Within these records, how many lines hold "along"? Give the number alone.

───── RECORDS SHOWN

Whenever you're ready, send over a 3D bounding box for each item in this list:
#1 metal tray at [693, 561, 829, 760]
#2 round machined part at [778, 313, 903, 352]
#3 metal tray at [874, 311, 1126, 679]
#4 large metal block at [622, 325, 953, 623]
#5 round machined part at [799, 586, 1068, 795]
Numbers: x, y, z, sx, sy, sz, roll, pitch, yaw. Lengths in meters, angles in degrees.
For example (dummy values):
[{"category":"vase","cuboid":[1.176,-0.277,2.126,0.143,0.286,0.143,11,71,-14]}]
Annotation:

──────────
───── RECORDS SHOWN

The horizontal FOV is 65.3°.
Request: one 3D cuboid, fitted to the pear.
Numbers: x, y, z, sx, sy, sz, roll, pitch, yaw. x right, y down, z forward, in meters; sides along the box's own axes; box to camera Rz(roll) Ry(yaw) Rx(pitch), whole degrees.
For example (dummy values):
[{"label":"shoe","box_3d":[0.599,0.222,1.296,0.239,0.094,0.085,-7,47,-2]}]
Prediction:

──────────
───── RECORDS SHOWN

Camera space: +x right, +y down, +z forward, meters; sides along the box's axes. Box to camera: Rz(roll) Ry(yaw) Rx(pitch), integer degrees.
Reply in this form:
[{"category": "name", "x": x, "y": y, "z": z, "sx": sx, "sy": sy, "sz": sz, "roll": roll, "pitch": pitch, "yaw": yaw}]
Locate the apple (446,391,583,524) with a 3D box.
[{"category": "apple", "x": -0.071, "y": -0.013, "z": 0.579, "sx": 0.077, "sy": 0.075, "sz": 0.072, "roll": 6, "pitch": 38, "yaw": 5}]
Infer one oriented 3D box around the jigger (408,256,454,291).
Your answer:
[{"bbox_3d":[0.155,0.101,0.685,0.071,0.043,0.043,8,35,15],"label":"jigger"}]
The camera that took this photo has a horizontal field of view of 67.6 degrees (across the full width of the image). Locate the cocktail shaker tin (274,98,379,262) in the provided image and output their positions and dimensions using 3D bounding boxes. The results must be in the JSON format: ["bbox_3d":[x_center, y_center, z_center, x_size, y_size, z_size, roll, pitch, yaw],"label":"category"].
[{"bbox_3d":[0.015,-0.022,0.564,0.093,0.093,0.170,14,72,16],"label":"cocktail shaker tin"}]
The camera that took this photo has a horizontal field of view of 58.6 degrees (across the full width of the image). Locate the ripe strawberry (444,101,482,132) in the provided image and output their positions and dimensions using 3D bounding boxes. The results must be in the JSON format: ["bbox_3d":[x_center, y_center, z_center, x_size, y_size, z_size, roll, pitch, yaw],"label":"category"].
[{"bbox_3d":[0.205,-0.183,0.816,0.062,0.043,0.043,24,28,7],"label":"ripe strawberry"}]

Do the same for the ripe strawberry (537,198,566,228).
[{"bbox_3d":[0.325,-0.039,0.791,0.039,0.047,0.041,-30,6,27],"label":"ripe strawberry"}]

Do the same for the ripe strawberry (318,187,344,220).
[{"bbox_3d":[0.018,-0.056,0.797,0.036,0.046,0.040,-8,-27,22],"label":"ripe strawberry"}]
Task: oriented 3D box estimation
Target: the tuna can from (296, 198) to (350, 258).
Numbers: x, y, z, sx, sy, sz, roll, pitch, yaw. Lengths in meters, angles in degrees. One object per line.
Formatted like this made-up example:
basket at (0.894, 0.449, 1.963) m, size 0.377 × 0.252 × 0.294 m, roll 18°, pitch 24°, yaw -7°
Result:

──────────

#### RESULT FOR THIS TASK:
2